David Huckaby wrote:
Alberto,

does this new code suffer from the same parallel error/instability as twoPhaseEulerFoam ?

Hi David,

it seems to me the code runs fine in parallel. I added a test case on 3 CPU's (same as jetBed but without kinetic theory).

If you run with the kinetic theory on, it is likely you have more difficulties, since that part of the code is not final yet. Also, if you run the tutorial, you will see the interfaces after a while breaks down, which demonstrate what I wrote before.

I should clarify that this code is really a starting point for further improvements, and *not* a final version of a solver (so take it "as is", which does not mean "stable, accurate and bugless", at least for now).

Best,
Alberto

I updated code and tutorials as follows:

- The particle pressure term is not managed "implicitly" in alphaEqn also for the kinetic theory. This requires the evaluation of the first derivative of g0.
I added a function to kineticTheoryModel so that ppMagf is easier to update, and it is computed using pa from KTGF if alpha < alphaMinFriction, and using pf if alpha >= alphaMinFriction (same as in MFIX).

- To avoid problems with discontinuities, I switched the jetBed tutorials to the CarnahanStarling distribution. In this way the frictional model becomes responsible of enforcing the packing limit. This means that you must set alphaMinFriction < alphaMax.
If you use the Schaeffer model (recommended, since the Johnson & Jackson model still needs some work to remove the discontinuity), alphaMinFriction = alphaMax - 0.01 or alphaMinFriction = alphaMax - 0.02 do the job.

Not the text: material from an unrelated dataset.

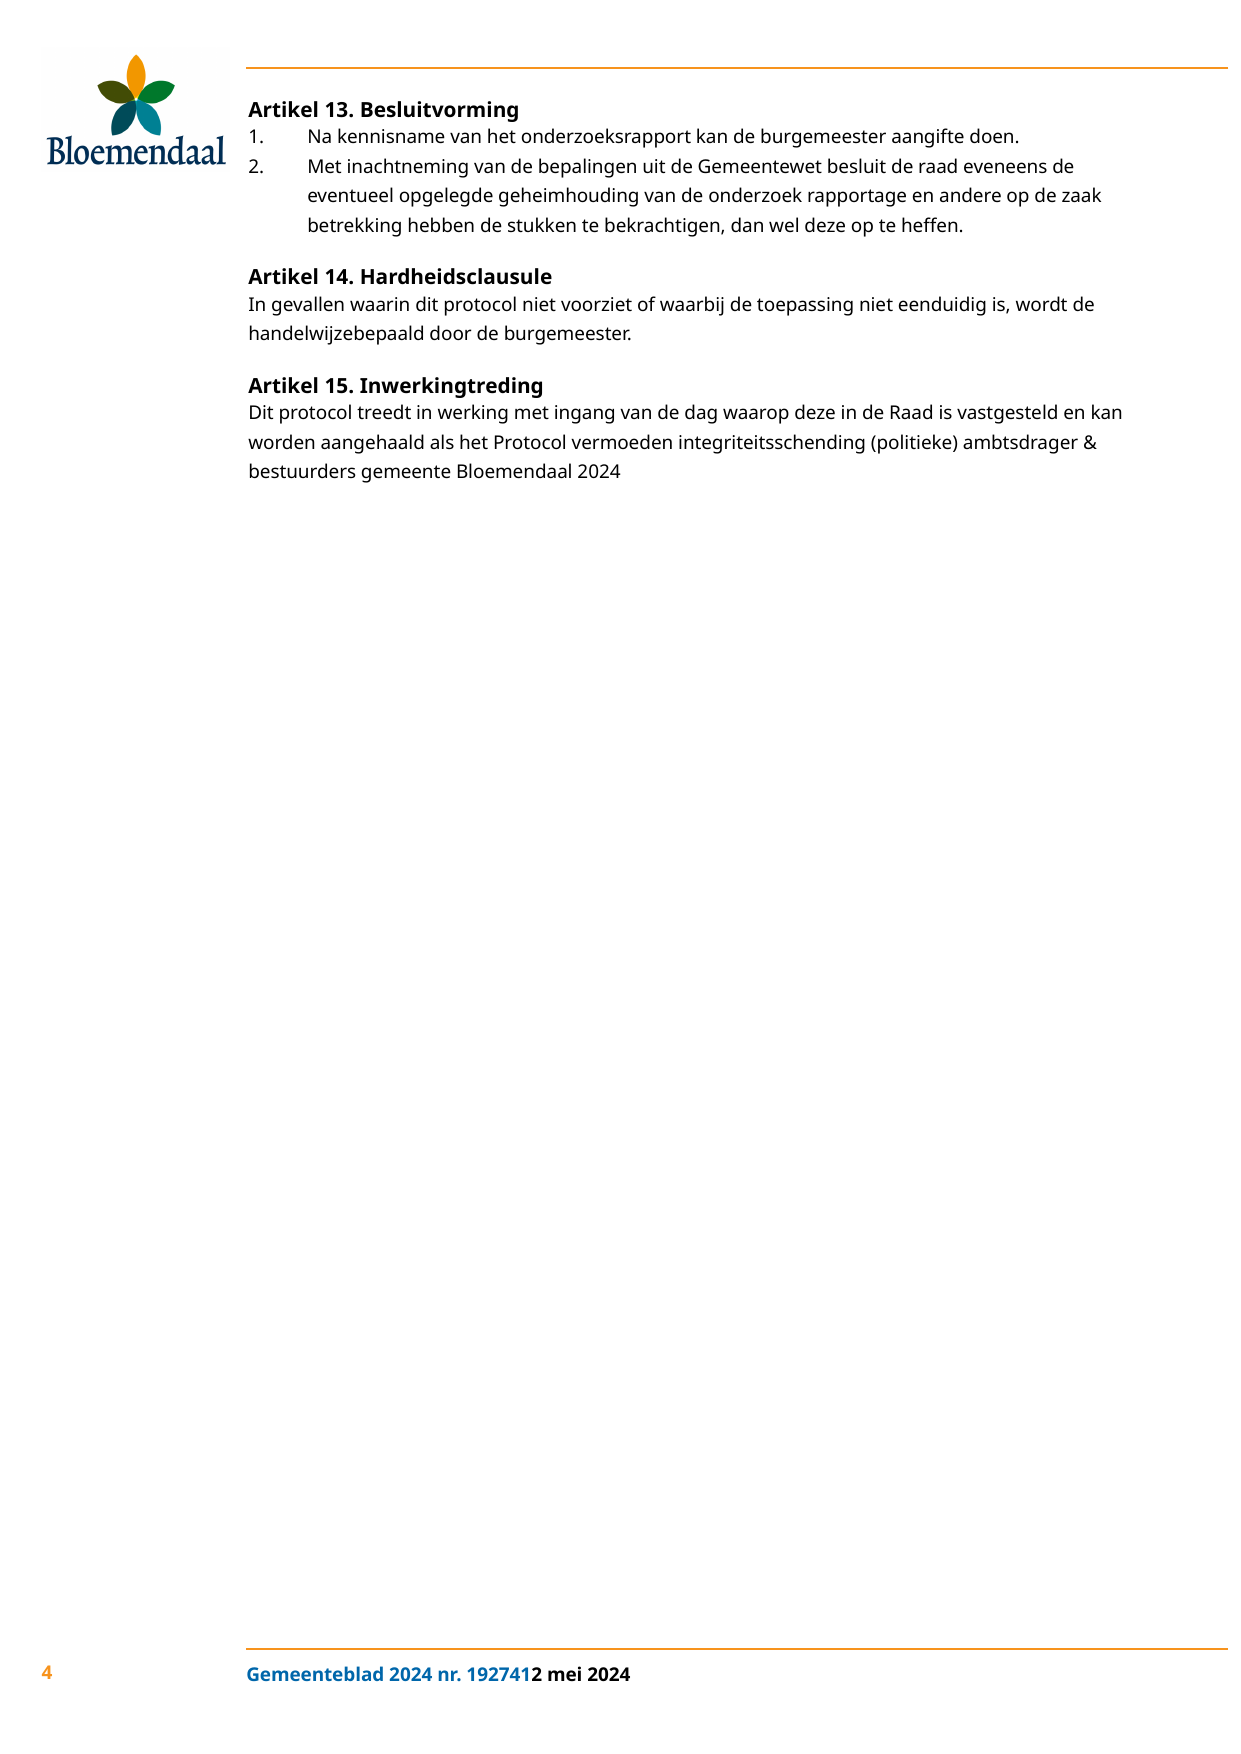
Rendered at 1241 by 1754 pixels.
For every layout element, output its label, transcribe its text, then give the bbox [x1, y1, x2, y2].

Notice that, in this way, whatever model is used for ppMagf, the momentum predictor and the flux in pEqn do not need any modification.

I also removed the storage of the RHS in momentum predictors (not necessary at this point).

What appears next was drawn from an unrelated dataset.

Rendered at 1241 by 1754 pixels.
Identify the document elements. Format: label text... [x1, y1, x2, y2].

Interfaces are still terribly wavy, but that will come in another episode

Alberto Passalacqua wrote:
I updated code and tutorials as follows:

- The particle pressure term is not managed "implicitly" in alphaEqn also for the kinetic theory. This requires the evaluation of the first derivative of g0.
I added a function to kineticTheoryModel so that ppMagf is easier to update, and it is computed using pa from KTGF if alpha < alphaMinFriction, and using pf if alpha >= alphaMinFriction (same as in MFIX).

- To avoid problems with discontinuities, I switched the jetBed tutorials to the CarnahanStarling distribution. In this way the frictional model becomes responsible of enforcing the packing limit. This means that you must set alphaMinFriction < alphaMax.
If you use the Schaeffer model (recommended, since the Johnson & Jackson model still needs some work to remove the discontinuity), alphaMinFriction = alphaMax - 0.01 or alphaMinFriction = alphaMax - 0.02 do the job.

Notice that, in this way, whatever model is used for ppMagf, the momentum predictor and the flux in pEqn do not need any modification.

I also removed the storage of the RHS in momentum predictors (not necessary at this point).

Interfaces are still terribly wavy, but that will come in another episode

In the current implementation, the granular and frictional viscosities are summed up and the alpha used to calculate the gs0 is limited with

min(max(alpha_, 1e-6), alphaMax_ - 0.01)

On the other hand, the solids pressure is switched at the alphaMinFriction between the granular and frictional solids pressure models.

I believe the treatment of the viscosities and pressures should be consistent. Wouldn't it be better to just use the viscosity approach also for the pressure? That is, just sum up the granular and frictional ppMagf contributions and limit the alpha values in the gs0 calculation to avoid singularities at the packing limit? This would avoid the discontinuity at alphaMinFriction caused by the sharp switch between the models. The frictional pressure should still be responsible for enforcing the packing limit, because the granular temperature - and therefore the granular pressure - should approach zero at the packing limit (in theory).